1. Acceptance of the terms and conditions

All offers and agreements are made exclusively on the basis of the following terms of delivery. By placing an order or accepting delivery, these shall be deemed to have been accepted for the duration of the entire business relationship. Deviating conditions which we do not expressly recognize in writing are not binding for us, even if we do not expressly object to them.

2. Offers and conclusion of contract

Our offers are always subject to change and non-binding, unless they contain declarations to the contrary. Orders shall only be deemed accepted if they have been confirmed by us in writing. This also applies to sales concluded by representatives. Additions, amendments or verbal subsidiary agreements also require our written confirmation to be effective. Illustrations, drawings, dimensions, weights and color shades contained in catalogs, price lists and other printed matter are approximate values customary in the industry. In addition, we reserve the right to make changes that are technically necessary or urgently required for the design. The customer will be informed accordingly.

3. Prices

Orders for which fixed prices have not been expressly agreed shall be invoiced at the list prices valid on the day of delivery. The prices are ex works, excluding VAT, packaging, postage and insurance. The costs of packaging, postage and insurance shall be borne by the customer; invoicing shall be at cost price. If there is a significant change in the following price factors - material prices, wages and salaries, energy costs - we will conduct negotiations with the customer on the redetermination of the price.
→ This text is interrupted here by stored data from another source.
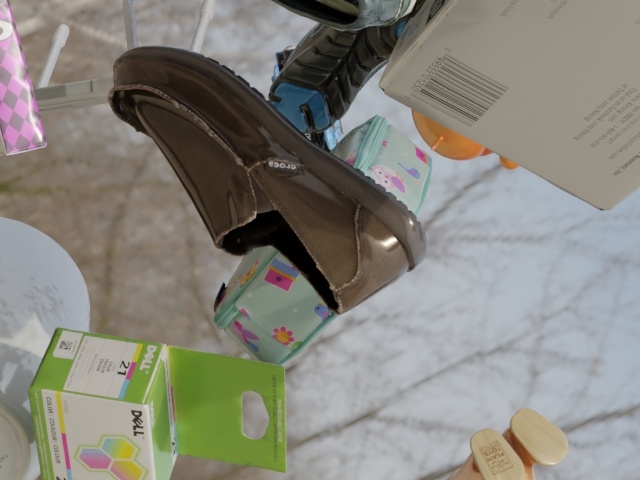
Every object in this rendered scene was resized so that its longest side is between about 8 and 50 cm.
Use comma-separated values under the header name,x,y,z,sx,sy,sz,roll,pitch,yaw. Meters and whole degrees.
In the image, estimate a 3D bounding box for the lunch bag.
name,x,y,z,sx,sy,sz,roll,pitch,yaw
lunch bag,0.000,0.000,1.840,0.108,0.279,0.224,39,26,-10

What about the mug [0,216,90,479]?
name,x,y,z,sx,sy,sz,roll,pitch,yaw
mug,-0.464,0.184,2.041,0.276,0.374,0.328,59,9,-27

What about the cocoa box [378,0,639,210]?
name,x,y,z,sx,sy,sz,roll,pitch,yaw
cocoa box,0.238,-0.222,1.288,0.231,0.228,0.347,27,-28,-9

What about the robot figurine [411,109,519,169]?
name,x,y,z,sx,sy,sz,roll,pitch,yaw
robot figurine,0.197,-0.163,1.909,0.128,0.219,0.158,14,-60,62

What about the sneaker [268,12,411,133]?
name,x,y,z,sx,sy,sz,roll,pitch,yaw
sneaker,0.067,-0.274,2.051,0.125,0.341,0.139,43,36,-20

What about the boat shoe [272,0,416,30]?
name,x,y,z,sx,sy,sz,roll,pitch,yaw
boat shoe,-0.052,-0.303,1.701,0.319,0.099,0.116,30,-48,20

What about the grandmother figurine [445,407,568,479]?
name,x,y,z,sx,sy,sz,roll,pitch,yaw
grandmother figurine,0.164,0.322,2.025,0.104,0.208,0.342,65,-28,22

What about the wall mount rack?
name,x,y,z,sx,sy,sz,roll,pitch,yaw
wall mount rack,-0.263,-0.224,1.993,0.304,0.350,0.130,-7,90,-76

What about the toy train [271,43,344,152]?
name,x,y,z,sx,sy,sz,roll,pitch,yaw
toy train,-0.018,-0.197,2.441,0.105,0.080,0.184,-48,126,-73

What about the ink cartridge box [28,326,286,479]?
name,x,y,z,sx,sy,sz,roll,pitch,yaw
ink cartridge box,-0.171,0.206,1.812,0.097,0.255,0.188,-73,168,-46

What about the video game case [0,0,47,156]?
name,x,y,z,sx,sy,sz,roll,pitch,yaw
video game case,-0.300,-0.180,1.397,0.210,0.042,0.232,1,-74,65

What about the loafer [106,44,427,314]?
name,x,y,z,sx,sy,sz,roll,pitch,yaw
loafer,-0.073,-0.058,1.627,0.366,0.130,0.134,34,-19,15
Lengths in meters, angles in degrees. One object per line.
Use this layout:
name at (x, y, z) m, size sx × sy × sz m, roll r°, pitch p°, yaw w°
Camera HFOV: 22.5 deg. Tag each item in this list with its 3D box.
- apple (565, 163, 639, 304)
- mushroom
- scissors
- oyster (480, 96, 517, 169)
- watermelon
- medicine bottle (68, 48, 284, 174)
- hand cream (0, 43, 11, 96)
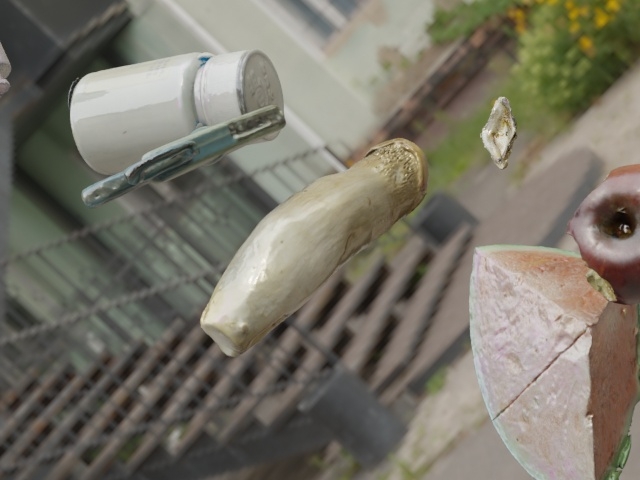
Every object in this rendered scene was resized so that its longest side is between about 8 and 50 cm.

4. Shipment, freight, transfer of risk

Deliveries are made at our discretion by rail, post, forwarding agent or our own truck. We reserve the right to make insignificant excess or short deliveries up to a maximum of ten percent of the quantity ordered and to select suitable packaging material. If the goods are sent at the request of the customer, the risk of accidental loss and accidental deterioration of the goods shall pass to the customer upon delivery to our shipping agent, but at the latest when the goods leave the factory. The customer shall also bear the shipping costs. If the goods are ready for shipment and the shipment or acceptance is delayed for reasons for which the customer is responsible, the risk shall pass to the customer upon receipt of the notification of readiness for shipment.

5. Delivery time

The delivery period shall only be deemed to have been agreed as approximate. The delivery period shall commence on the day on which the order confirmation is sent and shall be deemed to have been met if the goods have left the factory by the end of the delivery period or, in the event of impossibility of shipment, if notification has been given that the goods are ready for shipment. The delivery period shall be extended appropriately - even within a delay in delivery - in the event of unforeseen obstacles which we are unable to avert despite reasonable care in the circumstances of the individual case. It is irrelevant whether these obstacles have occurred in our factory or at one of our subcontractors, e.g. force majeure, operational disruptions, delays in the delivery of essential raw materials, effects of labor disputes, raw material shortages. We must inform the customer immediately of any obstacles that occur. If the delivery or service becomes impossible due to one of the stated circumstances, we shall be released from our delivery obligation. In the event of unforeseen hindrances, the customer shall be entitled to withdraw from the contract after the expiry of a reasonable grace period. The customer may not assert any further rights. If the above-mentioned circumstances occur at the customer, the same legal consequences shall apply to his acceptance obligations.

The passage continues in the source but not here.